Sangat memalukan melihat -orang-orang Korowai sekarat setiap minggu karena kemiskinan dan kurang gizi sementara penambang emas semakin kaya dari sumber daya alam tanah orang Korowai.
Ketiga, Ada cukup bukti yang menunjukkan bahwa beberapa penambang emas menggunakan merkuri kimia berbahaya dan membuangnya ke sungai Deiram Hitam.
Orang Korowai bergantung pada sungai itu untuk hidup. Dan para penambang emas merusak lingkungan.
Keempat, Menurut saksi ada prajurit TNI dan Kopassus yang terlibat.
Kelima, Penduduk setempat tidak mendapat kompensasi yang adil. Bos emas membebankan uang yang cukup banyak hanya untuk sedikit beras.
Menurut saksi satu sak beras 25 kg seharga Rp, 6.000.000. Satu sak beras 20 kg Rp. 5.000.000. Supermi perkarton Rp. 2.000.000.
Harga-harga ini meningkat dan merupakan bukti bahwa para penambang emas tidak tertarik untuk membantu orang Korowai dengan cara apa pun, tetapi orang Korowai menjadi semakin miskin dengan hanya mencoba untuk makan.
Mereka bahkan tidak dapat menyelam (molo) mencari ikan karena sungai (yang dulu bersih dan jernih) sekarang berwarna kuning dan kotor sehingga mereka tidak bisa lagi mendapatkan ikan.
Para penambang emas ini seperti lintah yang mengisap darah orang yang sakit.

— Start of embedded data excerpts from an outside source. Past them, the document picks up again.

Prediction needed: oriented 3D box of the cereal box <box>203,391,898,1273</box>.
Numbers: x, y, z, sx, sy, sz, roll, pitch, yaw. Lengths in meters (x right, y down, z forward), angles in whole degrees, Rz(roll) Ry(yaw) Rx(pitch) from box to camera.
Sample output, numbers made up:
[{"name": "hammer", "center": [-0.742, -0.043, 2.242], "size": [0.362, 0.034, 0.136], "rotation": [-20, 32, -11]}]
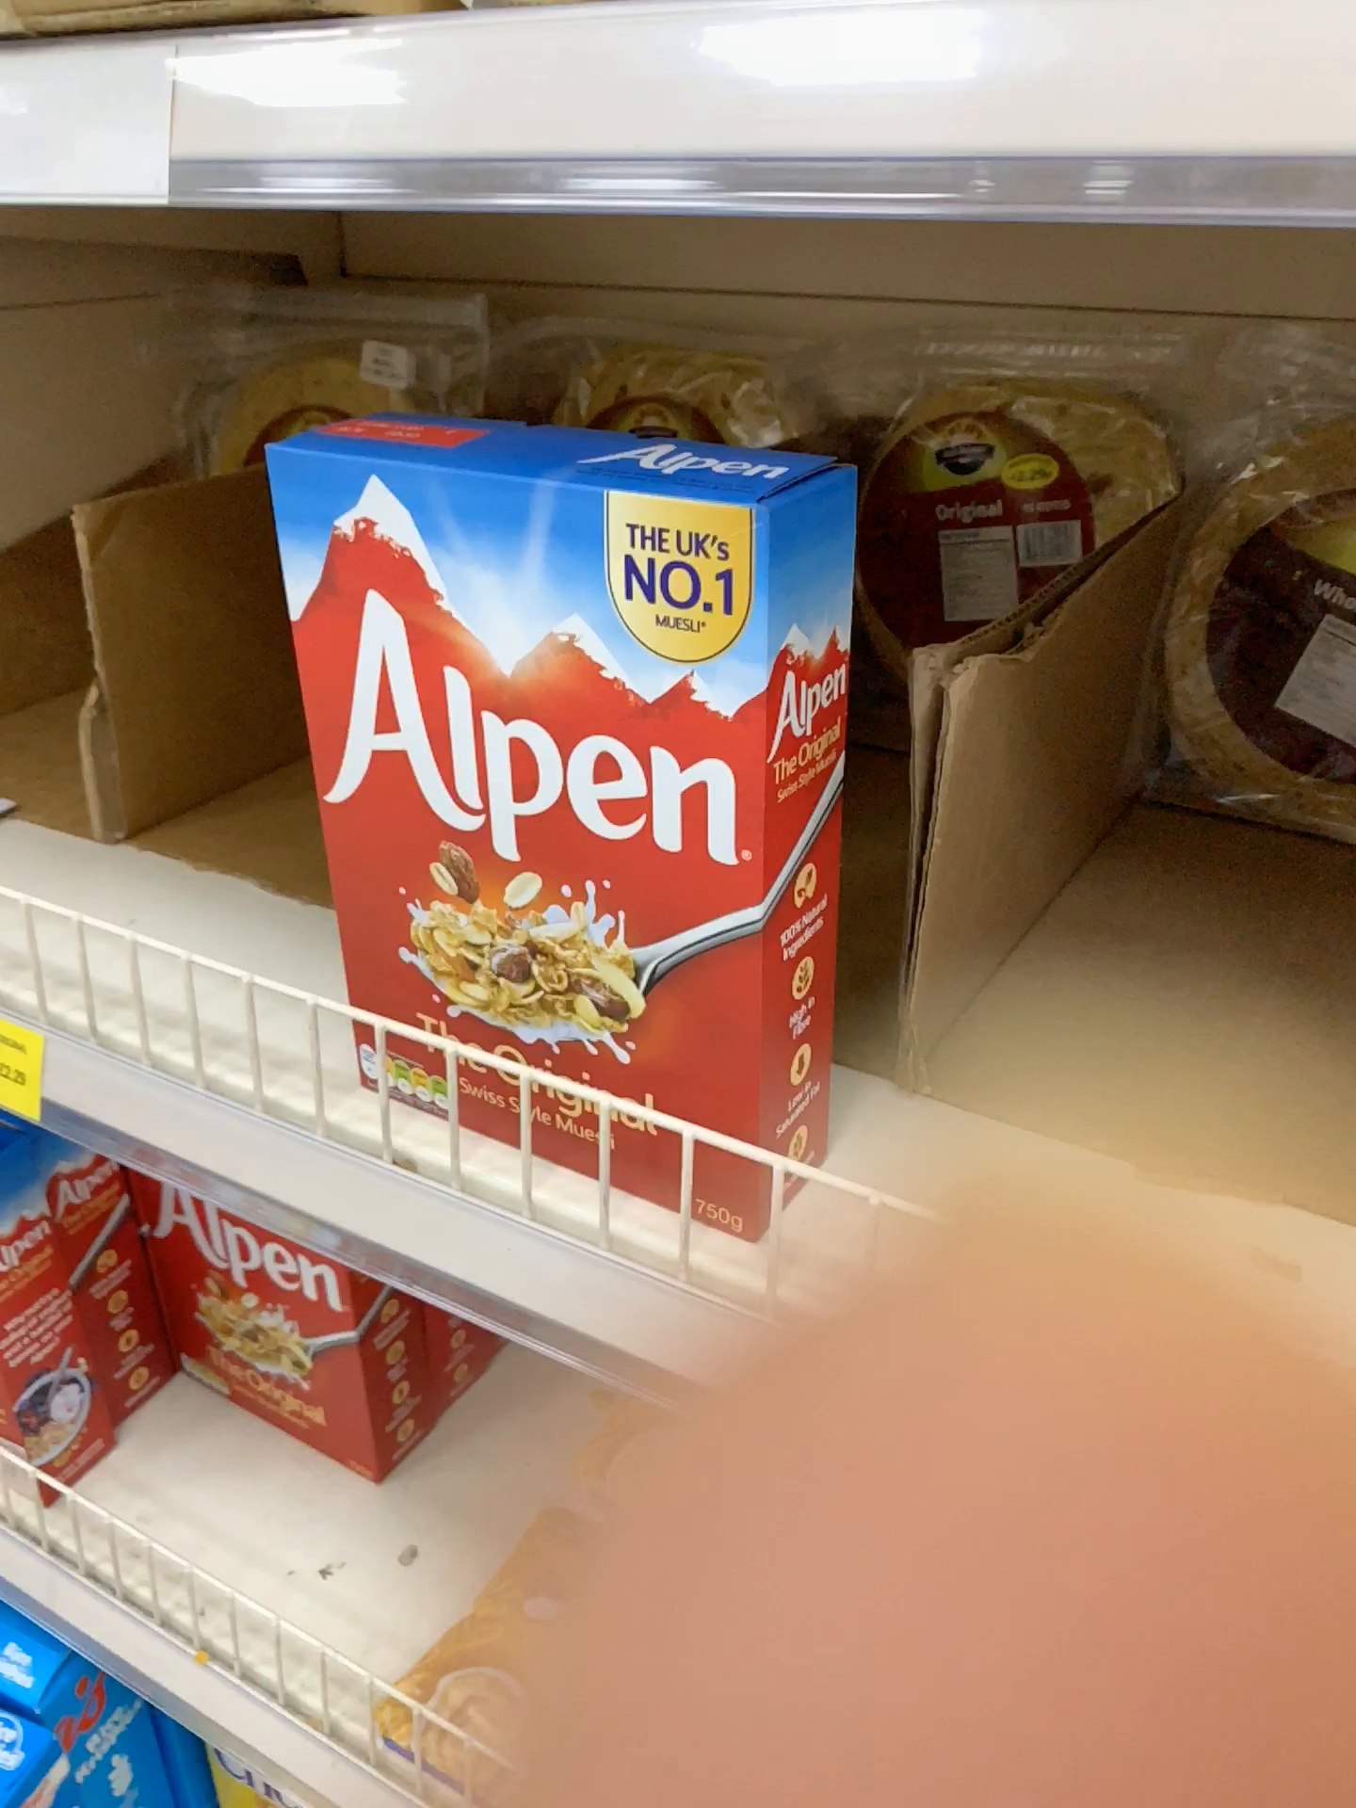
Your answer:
[{"name": "cereal box", "center": [-0.040, -0.028, 0.448], "size": [0.190, 0.238, 0.070], "rotation": [15, 30, 27]}]

Keenam, Orang Korowai masih merupakan orang-orang yang terabaikan yang menderita banyak penyakit dan kekurangan gizi. Saya sendiri mengalami kesulitan untuk menyewa sebuah helikopter untuk membantu anak-anak yang sakit dan sekarat disini karena biayanya sangat mahal.
Bapak dapat membayangkan bagaimana saya merasa marah sekali ketika saya mendengar bahwa ada lebih dari satu helikopter setiap hari yang bolak-balik dari Dekai ke lokasi emas, sebanyak 7 kali sehari, untuk mengambil emas dari tanah orang Korowai. Anak-anak yang sakit bahkan tidak bisa mendapatkan transportasi … tetapi selalu ada heli yang tersedia bagi para penambang emas!

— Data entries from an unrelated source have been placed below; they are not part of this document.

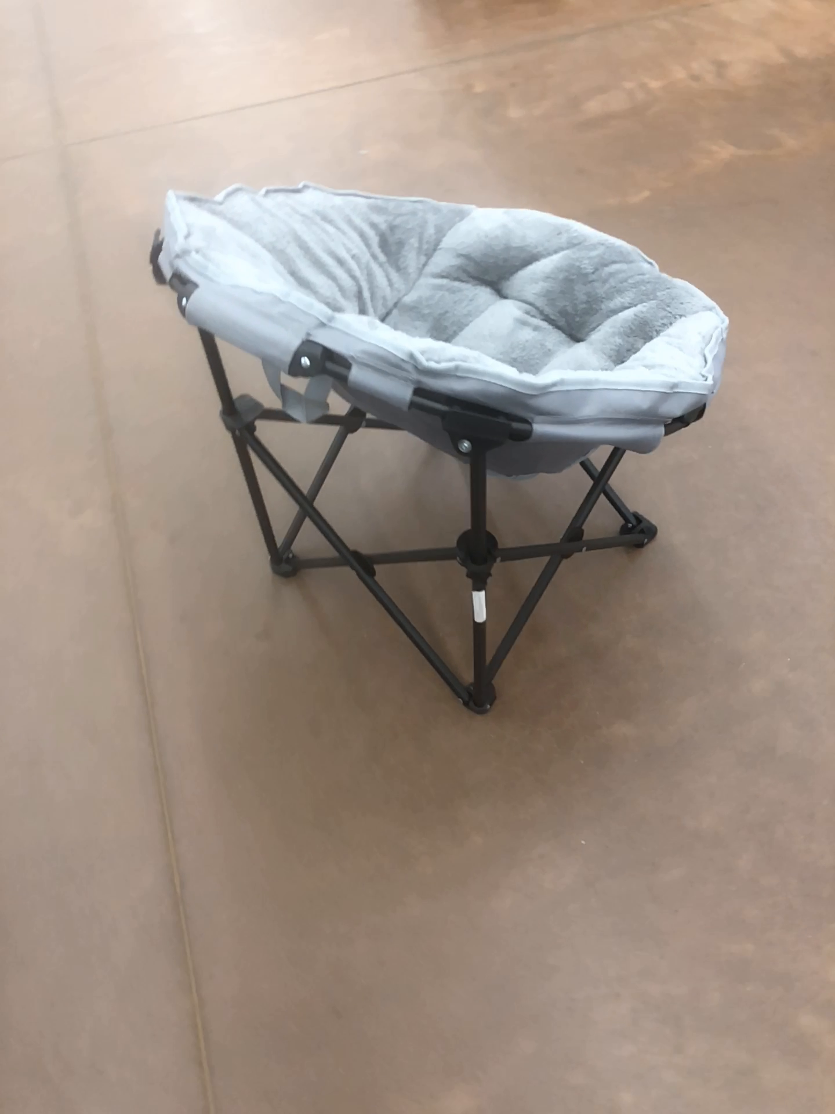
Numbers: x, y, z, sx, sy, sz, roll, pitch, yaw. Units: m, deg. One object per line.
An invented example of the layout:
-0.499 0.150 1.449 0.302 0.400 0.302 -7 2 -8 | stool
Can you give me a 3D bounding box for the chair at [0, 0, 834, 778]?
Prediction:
0.046 -0.250 1.078 0.571 0.529 0.631 31 61 24 | chair
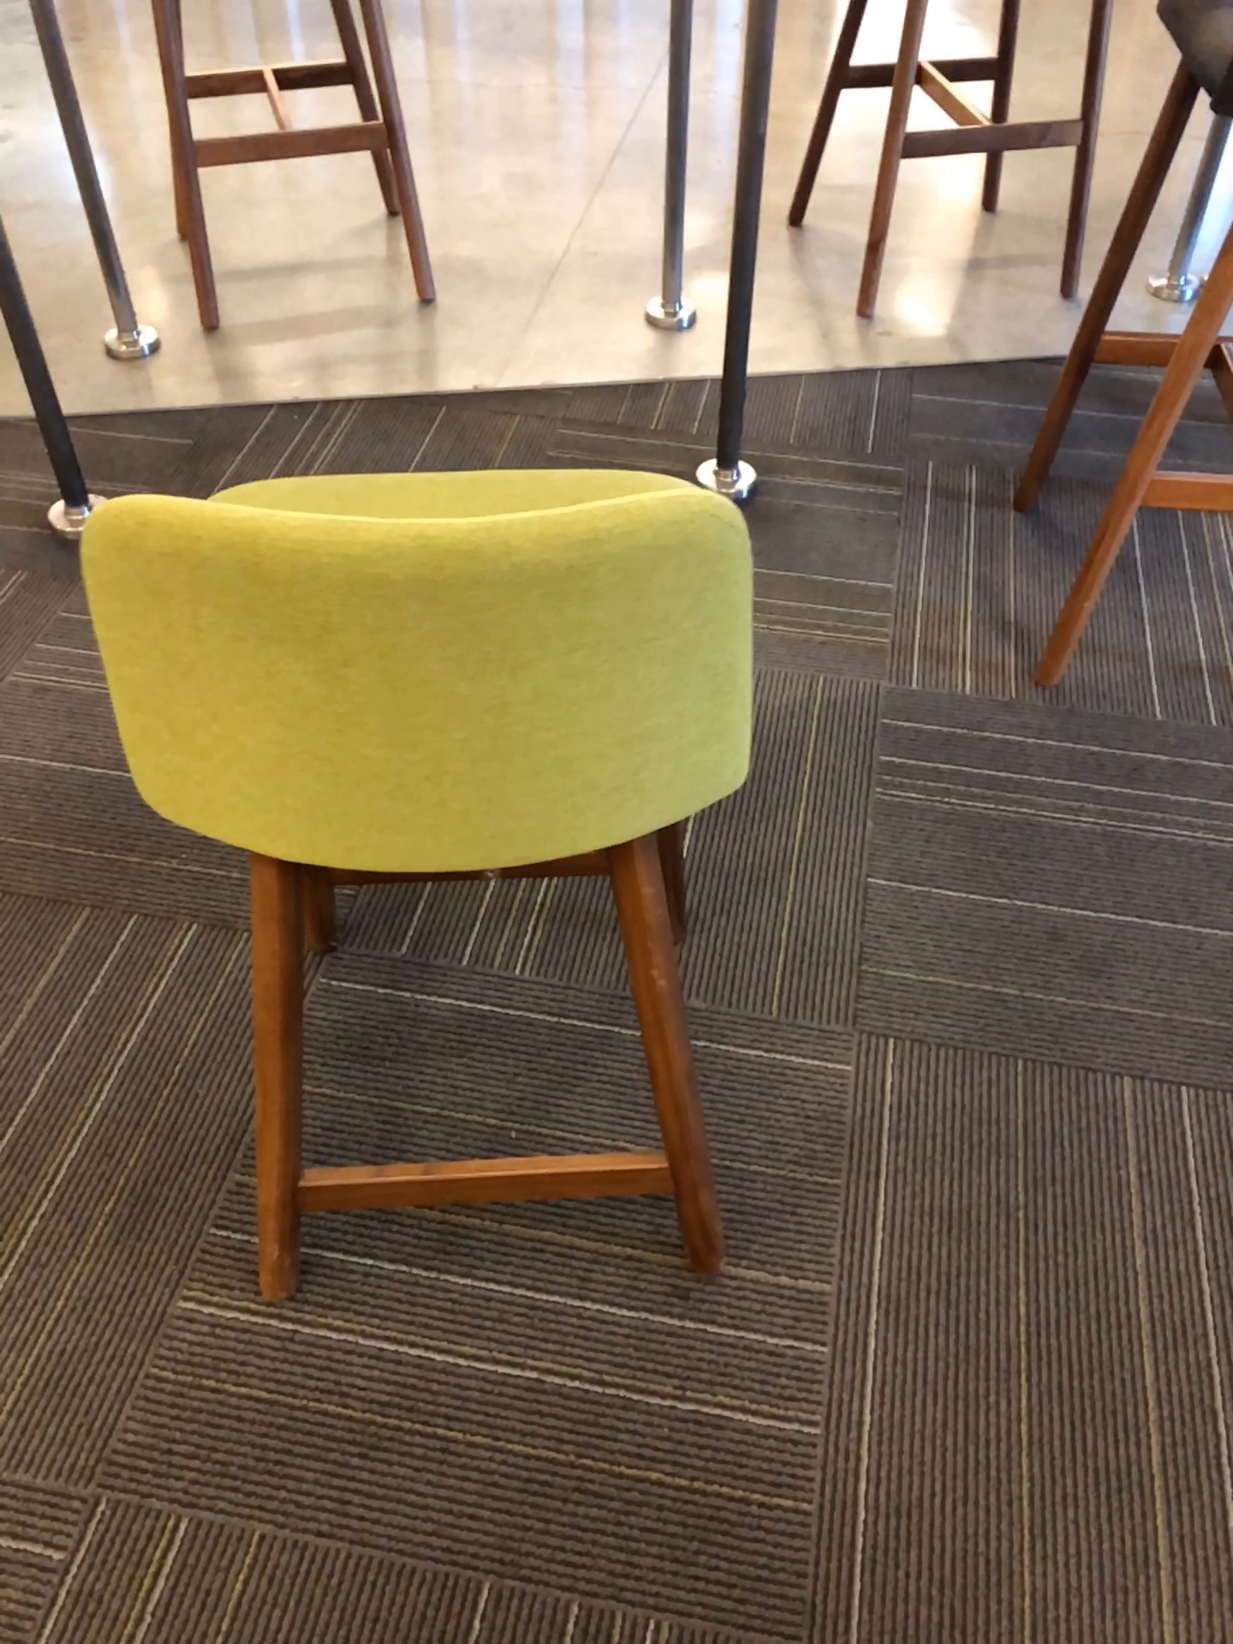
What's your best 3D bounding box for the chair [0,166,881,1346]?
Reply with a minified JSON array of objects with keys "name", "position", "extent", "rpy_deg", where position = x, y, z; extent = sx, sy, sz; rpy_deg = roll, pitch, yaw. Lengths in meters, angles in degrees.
[{"name":"chair","position":[-0.114,-0.004,1.162],"extent":[0.460,0.876,0.512],"rpy_deg":[-2,45,-2]}]

Tujuh, Saya menduga ada “tangan tersembunyi” di balik ini. Sebagai hamba Tuhan, kita harus membersihkan korupsi yang masih ada di Papua. Banyak langkah ke depan telah diambil, tetapi ada banyak kasus penebangan liar dan penambangan ilegal yang masih terjadi di Papua.

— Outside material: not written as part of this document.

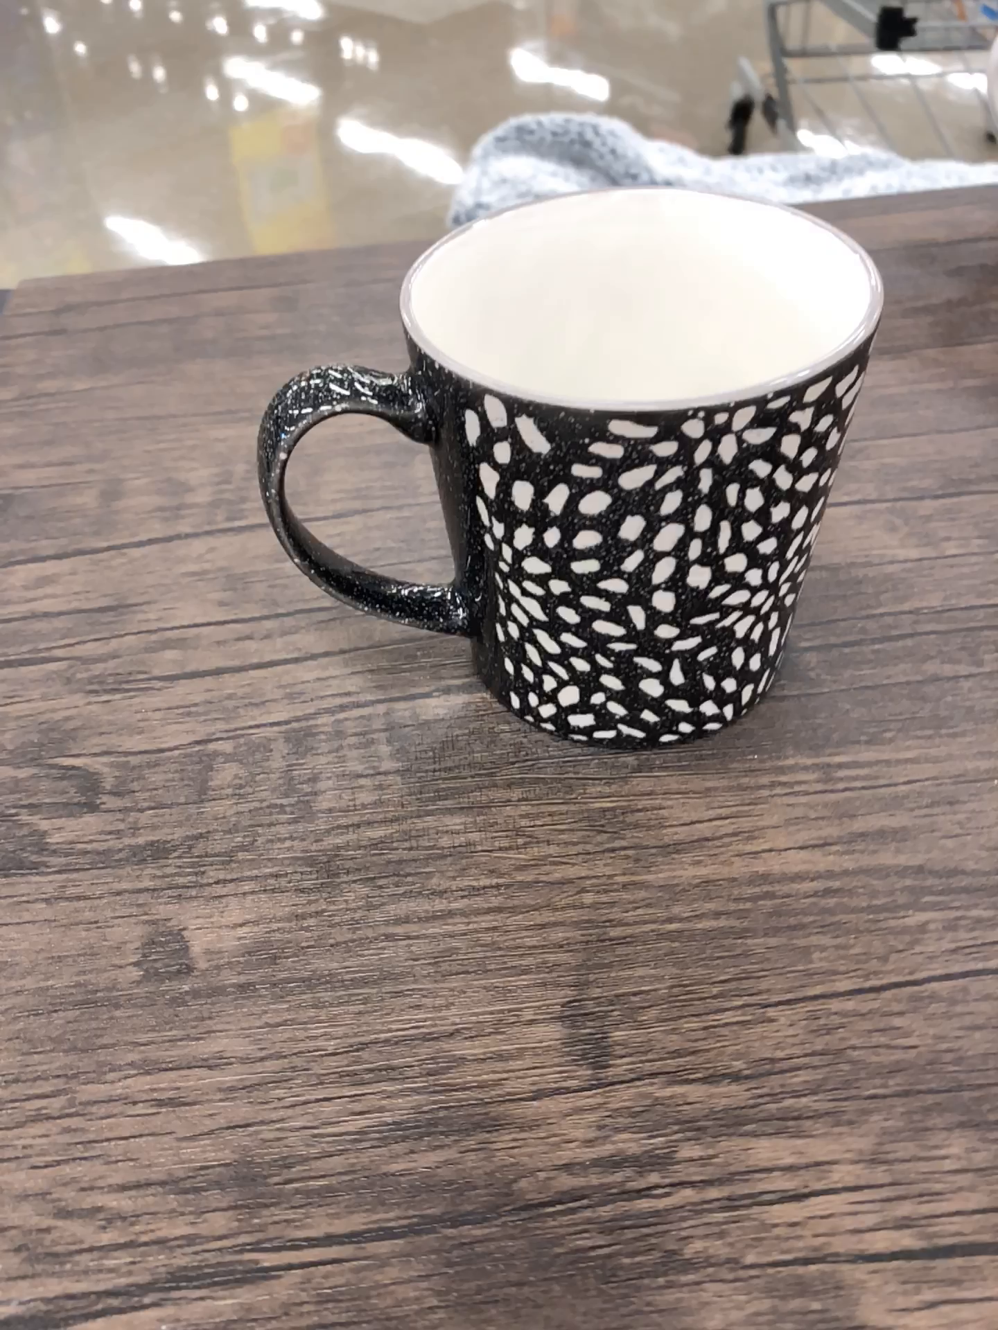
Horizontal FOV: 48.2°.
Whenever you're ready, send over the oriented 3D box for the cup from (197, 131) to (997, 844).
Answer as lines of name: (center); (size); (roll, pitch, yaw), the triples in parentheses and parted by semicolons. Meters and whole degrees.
cup: (0.016, -0.044, 0.257); (0.140, 0.100, 0.100); (-12, 44, -8)

Tuhan akan tersenyum melayani pelayanan Bapak jika Bapak membantu membersihkan korupsi ini dan akan memberkati waktu Bapak sebagai gubernur.
Akhirnya, saya akan meminta perlindungan Gubernur dari deportasi. Saya percaya ada orang yang tersinggung pada saya. Sebagai seorang Kristen dan seorang pendeta, saya harus menjaga domba-domba saya.
Gembala yang baik harus menjaga dombanya. Saya tidak bisa diam saat menyaksikan ketidakadilan. Saya bukan aktivis politik, tetapi ketidakadilan ini terjadi tepat di depan mata saya dan saya tidak bisa mengabaikannya.
Beberapa penambang emas bahkan berjalan melalui halaman depan saya dalam perjalanan ke perahu untuk pergi ke hulu ke lokasi emas.
Karena saya telah melaporkan penambangan emas, saya sedang diselidiki di Imigrasi. Saya juga ditanyai oleh Kepala Kodim dari Boven Digoel yang mengunjungi saya dan mengatakan bahwa saya melakukan “fitnah” karena saya menulis bahwa saksi melaporkan TNI dan Kopassus berada di lokasi emas.
Tapi itulah 6 saksi yang memberi tahu saya. Saya telah mendengar bahwa pekerja dari Intel ingin mendeportasi saya.
Saya siap dideportasi karena membela apa yang benar. Tetapi dengan bantuan Bapak, saya ingin bisa melayani lebih lama lagi di Papua.
Tolong lindungi saya dari mereka yang ingin mendeportasi saya karena mengekspos penambangan emas. Saya hanya mengekspos dosa dan ketidakadilan dan satu-satunya tujuan saya adalah membantu dan memberkati Papua dan membelanya dari para pencuri.
Harap diketahui bahwa saya berdoa untuk Bapak secara teratur dan keinginan saya adalah menjadi pelayan yang baik, baik kepada Tuhan maupun bagi orang Papua.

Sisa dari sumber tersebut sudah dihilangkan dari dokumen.